Together with GPT-4, OpenAI has created an open source software framework for evaluating the performance of its AI models. Called Evals, OpenAI says the tools will allow anyone to report deficiencies in their models to help guide improvements.
It’s kind of a crowdsourced approach to model testing, OpenAI explains in a blog post.
“We use Evals to guide the development of our models (both to identify deficiencies and to prevent regressions), and our users can apply it to track performance across model versions and the evolution of product integrations,” OpenAI writes. . “We expect Evals to become a vehicle for sharing crowdsourced benchmarks, representing a maximum set of failure modes and difficult tasks.”
OpenAI created Evals to develop and run benchmarks to evaluate models like GPT-4 while inspecting their performance. With Evals, developers can use data sets to generate alerts, measure the quality of completions provided by an OpenAI model, and compare performance across different data sets and models.
Supporting several popular AI benchmarks, Evals also supports writing new classes to implement custom evaluation logic. As an example to follow, OpenAI created a logic puzzle test that contains 10 indications where GPT-4 fails.
It’s all unpaid work, very unfortunately. But to incentivize the use of Evals, OpenAI plans to grant access to GPT-4 to those who contribute “high quality” benchmarks.

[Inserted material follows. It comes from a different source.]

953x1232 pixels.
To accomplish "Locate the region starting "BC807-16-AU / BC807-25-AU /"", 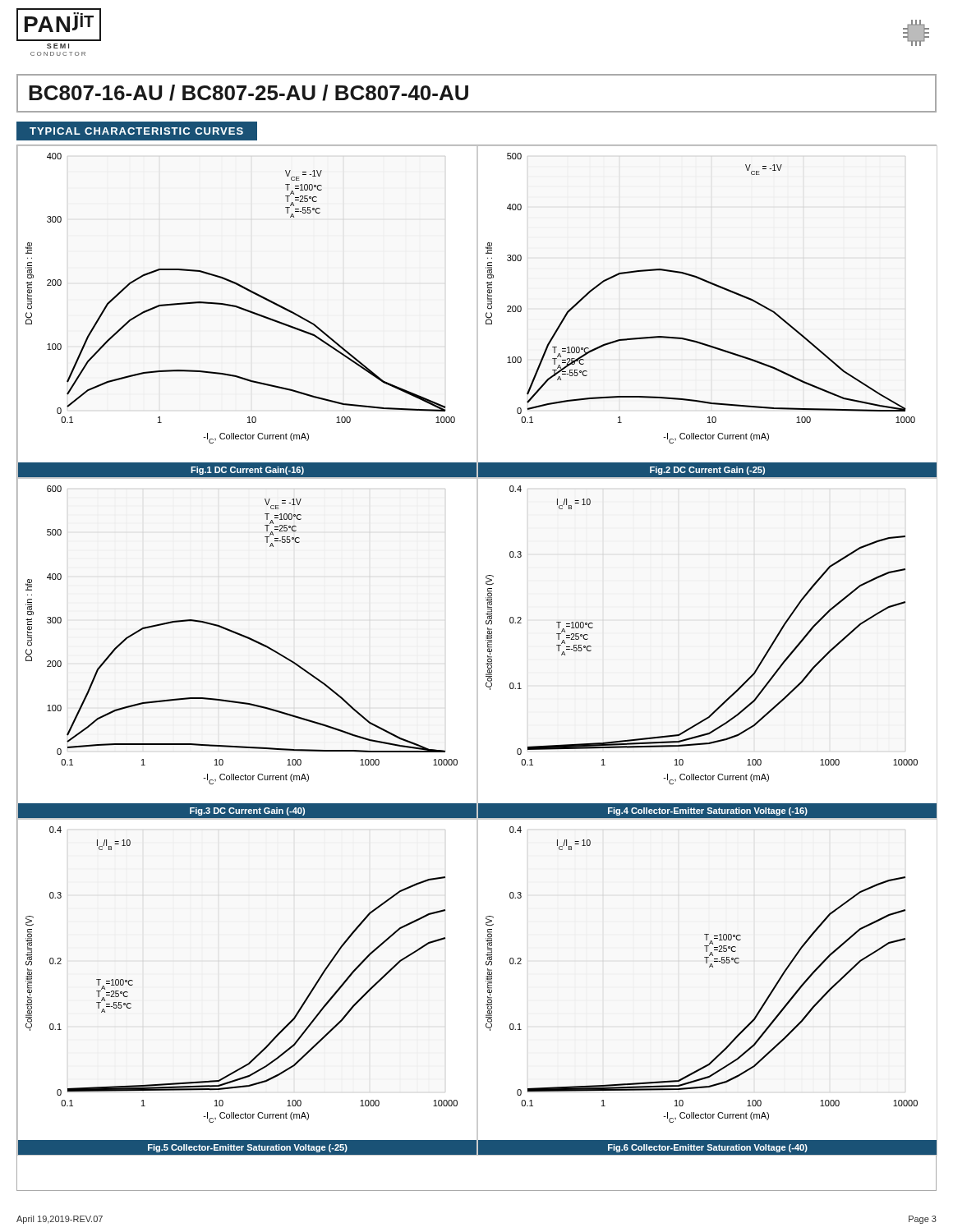I will pyautogui.click(x=476, y=93).

“We believe that Evals will be an integral part of the process for using and building on our models, and we welcome direct contributions, questions, and feedback,” the company wrote.
With Evals, OpenAI, which recently said it would stop using customer data to train its models by default, is following in the footsteps of others who have turned to crowdsourcing to harden AI models.
In 2017, the University of Maryland Laboratory for Computational Linguistics and Information Processing launched a platform called Break It, Build It, which allows researchers to send models to users with the task of finding examples to beat them. And Meta maintains a platform called Dynabench that has “tricked” models for users designed to analyze sentiment, answer questions, detect hate speech, and more.